By KIM CHANDLER
MONTGOMERY, Ala. (AP) - Alabama Senate candidate Roy Moore had a deal to collect $180,000 in annual salary for part-time work from the legal charity he founded and ended up with a half-million-dollar stake in the group's headquarters, records and interviews show.
Property, charity and tax records reviewed by The Associated Press show that the former chief justice received direct payment of $448,000 over the six years he served as president of the Foundation for Moral Law and was given a $540,000 mortgage on the charity's building when the group said it couldn't afford to pay his salary.
Moore is the leading candidate to replace Attorney General Jeff Sessions in the U.S. Senate and his pay from the religious-themed charity has become an issue in the race.
In an interview with The Associated Press last month, Moore defended his compensation from the group and said it has never paid him the $540,000 owed to him.
The firebrand jurist founded the Foundation for Moral Law in 2003 after a judicial discipline panel removed him as Alabama chief justice for disobeying a federal court order to take down a Ten Commandments monument from the state judicial building. The nonprofit specializes in religious freedom issues.
John Bentley, a circuit judge who serves as chairman of the foundation, told The Associated Press on Wednesday that the charity's board agreed in 2007 to pay Moore a salary of $180,000, which was on par with what he was making as chief justice and that Bentley said was comparable to directors at other legal nonprofits.
"We felt like at the time was a fair salary for the responsibility he had. ... But he was not paid that. We didn't have the money," Bentley said.
Moore told the AP that, to avoid being a drain on the group's finances, he would only accept money from Project Jeremiah, which he said was money raised by his speaking engagements.
Bentley and Moore said that, even with Project Jeremiah, the foundation did not have the money to pay Moore the $180,000 salary, so he was given a promissory note and second mortgage on the group's headquarters, a historic building in Montgomery. Bentley said it was his idea to offer Moore the interest on the building.
Property records show that the Foundation for Moral Law gave Moore a promissory note and mortgage on its building for $393,000 in February 2011. The foundation's notation said that it was given in lieu of a salary promised to Moore but that the charity had not been able to pay over the previous three years. On Dec. 19, 2011, the group's debt to Moore was raised to $498,000. It was raised again on Dec. 28, 2012, to $540,000.
"He didn't receive anything.

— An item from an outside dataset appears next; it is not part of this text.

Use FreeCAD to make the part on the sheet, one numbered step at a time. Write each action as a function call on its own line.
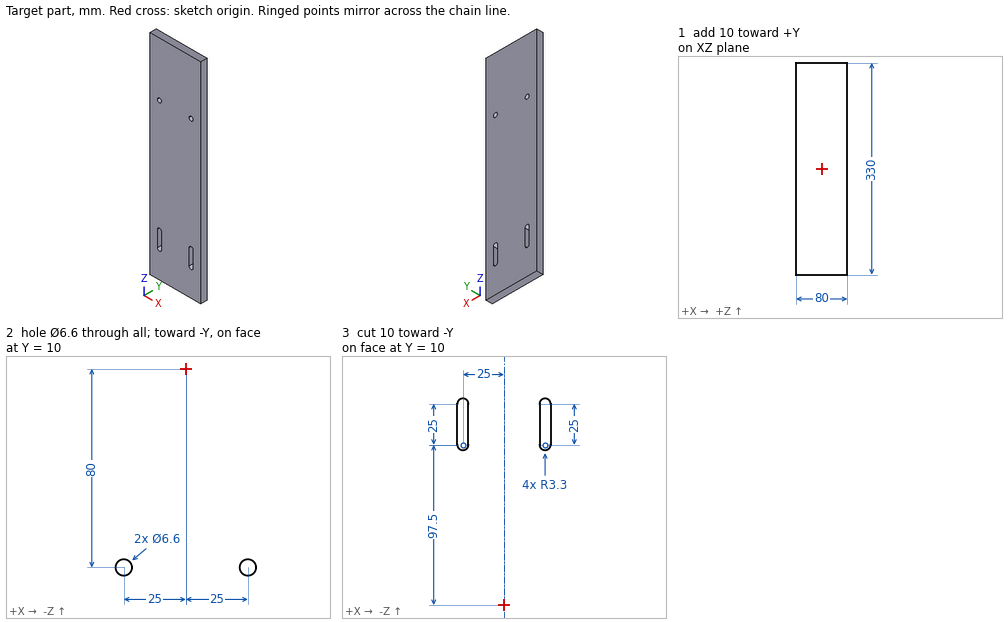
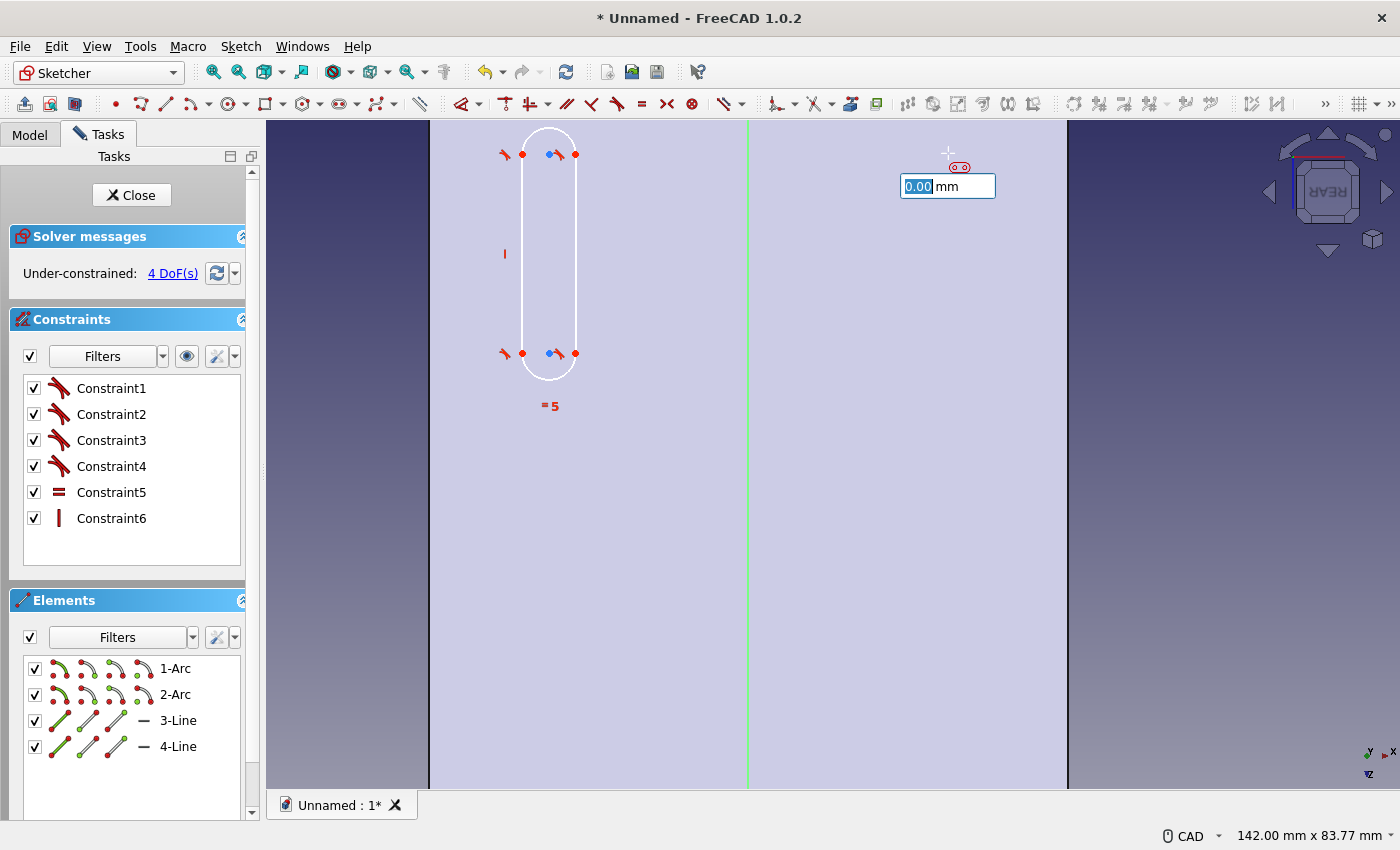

A piece of paper. It's worthless unless the first mortgage is paid," Bentley said, noting that the foundation still owes the bank money. Paperwork filed in Montgomery County Probate Court shows that Moore agreed that the foundation's debt to a bank would take priority over money owed to him.
The first promissory note was listed on the Foundation's 2011 tax return as $393,000 in "retirement and other deferred compensation" to Moore. It included a notation that Moore was paid upon the availability of funds and that the unpaid salary would accrue until funds were available. The tax returns did not reference an agreement to pay him $180,000 annually.
Tax filings by the foundation show that Moore's highest yearly payment was $138,000, in 2012. The filing said he worked about 20 hours per week in his role as president.
Moore defeated incumbent Sen. Luther Strange, an appointee who had been backed by President Donald Trump, in the GOP primary for the Senate seat and faces Democrat Doug Jones in a December special election.
A group supporting Strange ran ads claiming Moore collected $1 million from the group, a figure which includes the $393,000 building interest. Moore's campaign called the ad misleading.
Jones on Wednesday issued a statement criticizing the payments to Moore.
"Once again, we see that Roy Moore has put his own interests ahead of the people of Alabama. This time, Moore misled the public and charitable donors by arranging a secret deal where he pocketed more than $1 million from his charity for part-time work," Jones said.